Für beide Beispiele gilt: Je mehr Daten dem Algorithmus zur Verfügung standen – je mehr er also zuvor LERNEN konnte –, desto wahrscheinlicher wird sein Urteil richtig sein. Eine dabei aber schnell übersehene, trotzdem aber enorm wichtige Voraussetzung ist die Validität der zum Lernen verwendeten Daten. Denn lässt man bei der Datenbasis willentlich oder auch unwillentlich wichtige Faktoren außer Acht, droht ein Bias, also eine Verzerrung der Ergebnisse. Dann passiert es eben, dass die scheinbar so zuverlässig arbeitende Erkennung von Gefühlsregungen auf Gesichtern bei Menschen aus dem asiatischen Raum plötzlich kläglich versagt – weil die Trainingsgrundlage zuvor eben nur auf kaukasischen Gesichtern beruhte. Oder die AI zum selbständigen Erstellen von Texten ergeht sich in rassistischen oder sexistischen Unflätigkeiten, weil sie mit einer riesigen Menge von unkuratierten Texten aus dem Netz trainiert wurde.
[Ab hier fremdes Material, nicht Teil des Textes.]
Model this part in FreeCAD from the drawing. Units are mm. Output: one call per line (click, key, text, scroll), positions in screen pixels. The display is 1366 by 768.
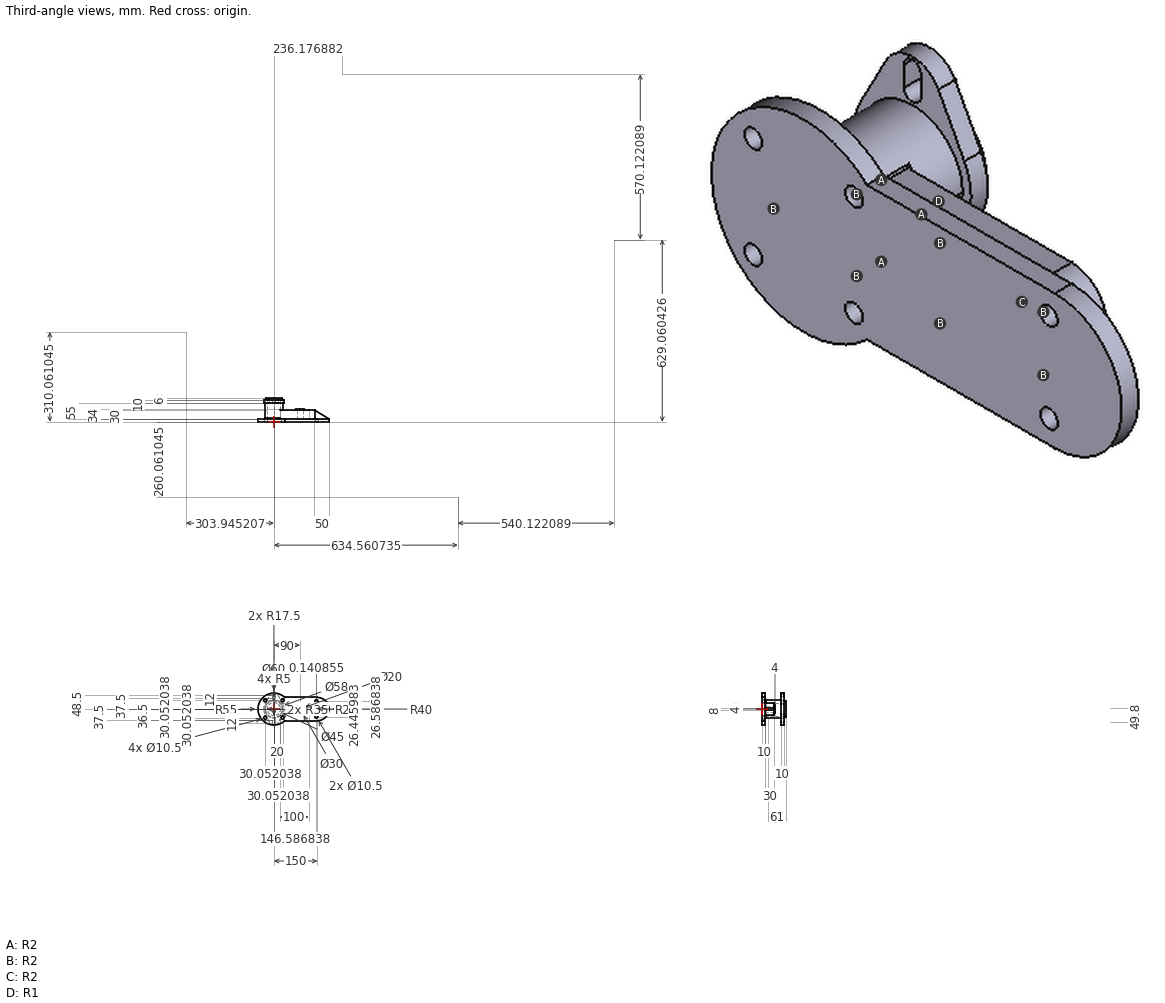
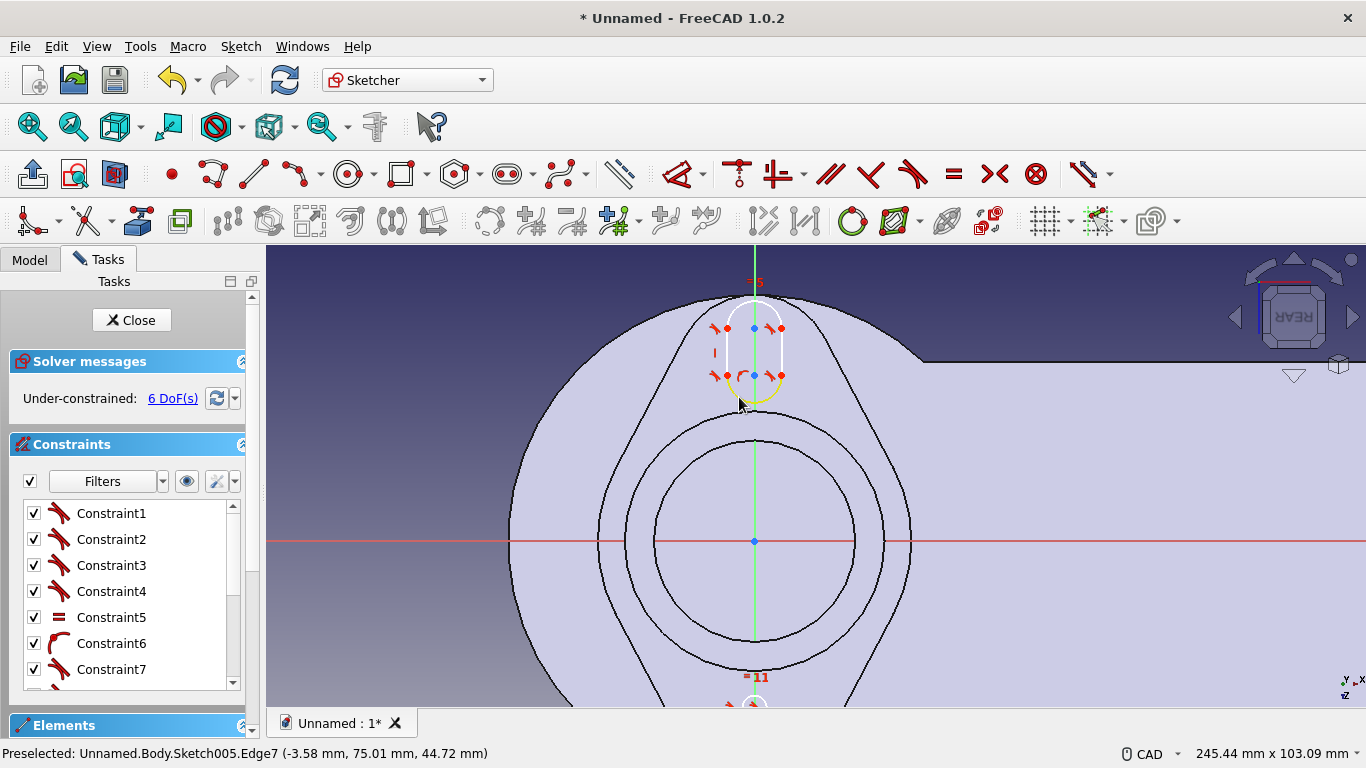
click(739, 398)

Grundsätzlich gibt es aber enorm viele sinnvolle und hilfreiche Anwendungsfenster für AI und Machine Learning. Die dynamische Steuerung des Verkehrsgeschehens, die Kartennavigation, die intelligente und frühzeitige Allokation zusätzlicher Ressourcen sind Beispiele dafür. Aber die Grauzone ist eben auch nur einen Schritt weit entfernt. Minderheiten fallen bei automatischen Vorfilterungen von Bewerbungen plötzlich durchs Raster, Menschen verlieren aus nicht nachvollziehbaren Gründen die Kreditwürdigkeit. Gesichter und Stimmen in Videos werden als Deep Fakes vollautomatisch durch andere ersetzt. Auch das ist AI. In diesen Fällen in ihren Schattenseiten.
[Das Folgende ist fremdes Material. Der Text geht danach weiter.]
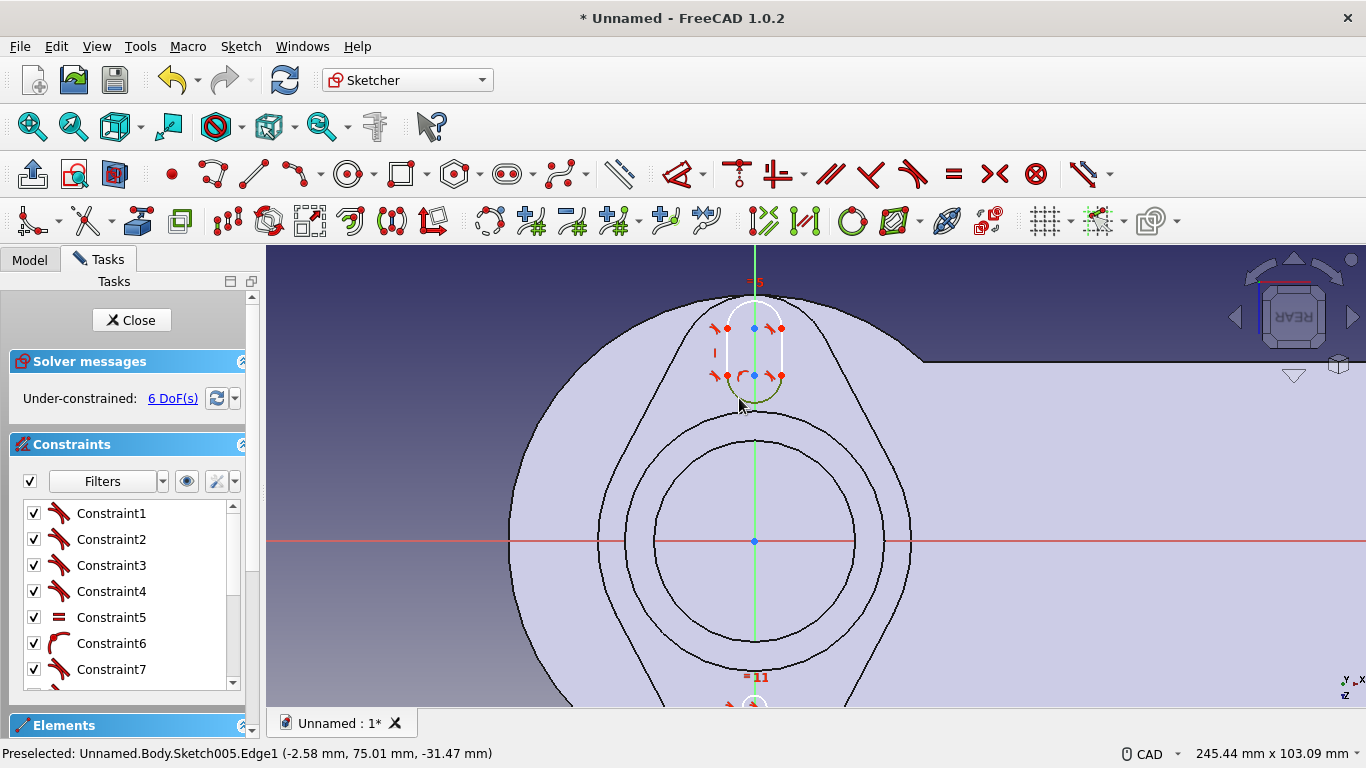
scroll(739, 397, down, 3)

Bei so jungen und sich so dynamisch wandelnden Technologien reicht das Vertrauen auf den Steuerungswillen und die Regelungsfähigkeit des Staates nicht aus. Die Verantwortung für die Wirkung und Folgen von AI-Mechanismen liegt bei den Menschen, die sie entwickeln und anwenden. Die Herausforderung, die sich uns stellt, ist diese Verantwortung zu begreifen und anzunehmen.